Studies on a new potential dopaminergic agent: in vitro BBB permeability, in vivo behavioural effects and molecular docking evaluation

  • Authors: De Caro, V; Sutera, FM; Gentile, C; Tutone, M; Livrea, MA; Almerico, AM; Cannizzaro, C; Giannola, LI
  • Publication year: 2015
  • Type: Articolo in rivista (Articolo in rivista)
  • OA Link: http://hdl.handle.net/10447/131492

Abstract

2-amino-N-[2-(3,4-dihydroxy-phenyl)-ethyl]-3-phenyl-propionamide (DA-PHEN) has been previously synthesized to obtain a potential prodrug capable of release Dopamine (DA) into CNS. However, DA-PHEN could act per se as a dopaminergic drug. In this study, the permeability transport (Pe), obtained by parallel artificial permeability assay (PAMPA), indicated a low passive transcellular transport (Pe=0.32  0.01•10-6 cm/s).
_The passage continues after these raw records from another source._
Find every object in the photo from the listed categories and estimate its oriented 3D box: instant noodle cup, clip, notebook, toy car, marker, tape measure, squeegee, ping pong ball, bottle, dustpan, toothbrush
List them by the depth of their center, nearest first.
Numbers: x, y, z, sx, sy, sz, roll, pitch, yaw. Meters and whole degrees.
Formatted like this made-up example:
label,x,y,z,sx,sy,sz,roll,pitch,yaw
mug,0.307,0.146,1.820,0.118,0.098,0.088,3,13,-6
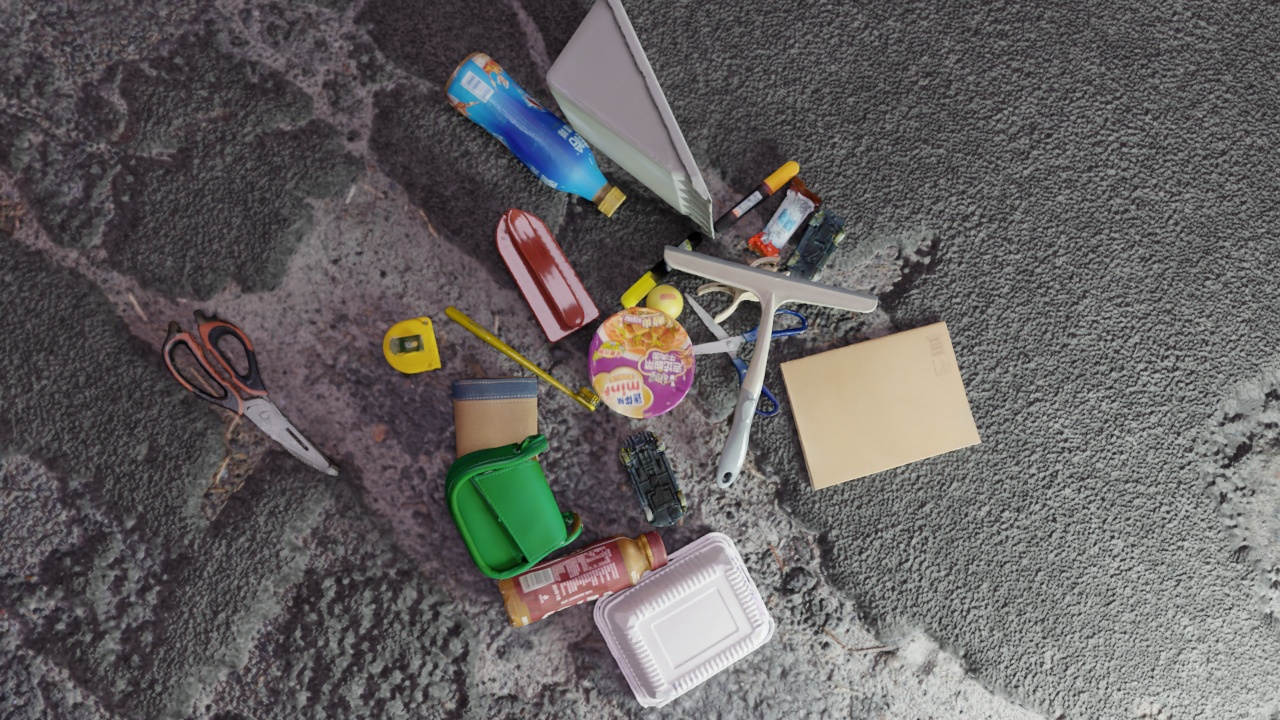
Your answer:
label,x,y,z,sx,sy,sz,roll,pitch,yaw
dustpan,0.012,-0.271,0.932,0.258,0.222,0.142,37,92,5
tape measure,-0.240,-0.014,0.961,0.057,0.029,0.060,-13,88,-10
bottle,-0.059,0.224,0.961,0.174,0.057,0.057,-17,89,-10
instant noodle cup,-0.006,0.006,0.965,0.111,0.099,0.111,1,85,-9
toothbrush,-0.125,-0.004,0.972,0.190,0.016,0.016,33,75,4
instant noodle cup,0.052,0.279,0.977,0.173,0.060,0.138,-28,91,-12
bottle,-0.107,-0.236,0.982,0.218,0.065,0.065,39,80,-6
squeegee,0.119,0.023,0.990,0.246,0.039,0.246,13,95,-9
toy car,0.013,0.128,0.993,0.049,0.031,0.105,-22,88,-10
ping pong ball,0.026,-0.063,1.005,0.040,0.040,0.040,1,86,-10
clip,0.115,-0.081,1.022,0.100,0.035,0.076,-27,71,-8
marker,0.024,-0.101,1.022,0.124,0.015,0.018,-44,90,-13
toy car,0.197,-0.128,1.044,0.043,0.034,0.090,30,84,-9
marker,0.131,-0.186,1.047,0.123,0.015,0.018,-40,96,-8
notebook,0.277,0.050,1.057,0.211,0.012,0.149,-14,87,-11

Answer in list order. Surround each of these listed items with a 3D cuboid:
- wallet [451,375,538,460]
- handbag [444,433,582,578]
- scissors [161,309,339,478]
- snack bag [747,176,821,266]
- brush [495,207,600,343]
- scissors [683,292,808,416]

Using the Caco2 cell system, the Papp-AP-BL in absorptive direction (3.36 ± 0.02•10-5 cm/s) was significantly higher than the Papp BL-AP in secretive direction (1.75 ± 0.07•10-5 cm/s), suggesting a polarized transport. The efflux ratio (Papp-AP-BL/Papp BL-AP=0.52 ± 0.02) indicated a low affinity of DA-PHEN to efflux carriers. The Forced Swim Test highlighted a reduction of immobility time in both Pretest and Test sessions (p<0.0001), with an exacerbation in the number of Headshakes and Divings in the Pretest (p<0.0001). Morris Water Maze strengthened the hypothesis that DA-PHEN induces adaptive responses to environmental challenges which are involved on cognitive functions (DA-PHEN vs CTR: escape latency; p<0.001; distance swum p<0.001, time spent on target quadrant p<0.001), without any change in locomotor activity for the administered dose. The molecular docking revealed the interaction of DA-PHEN with the identified D1 site mapping human brain receptor.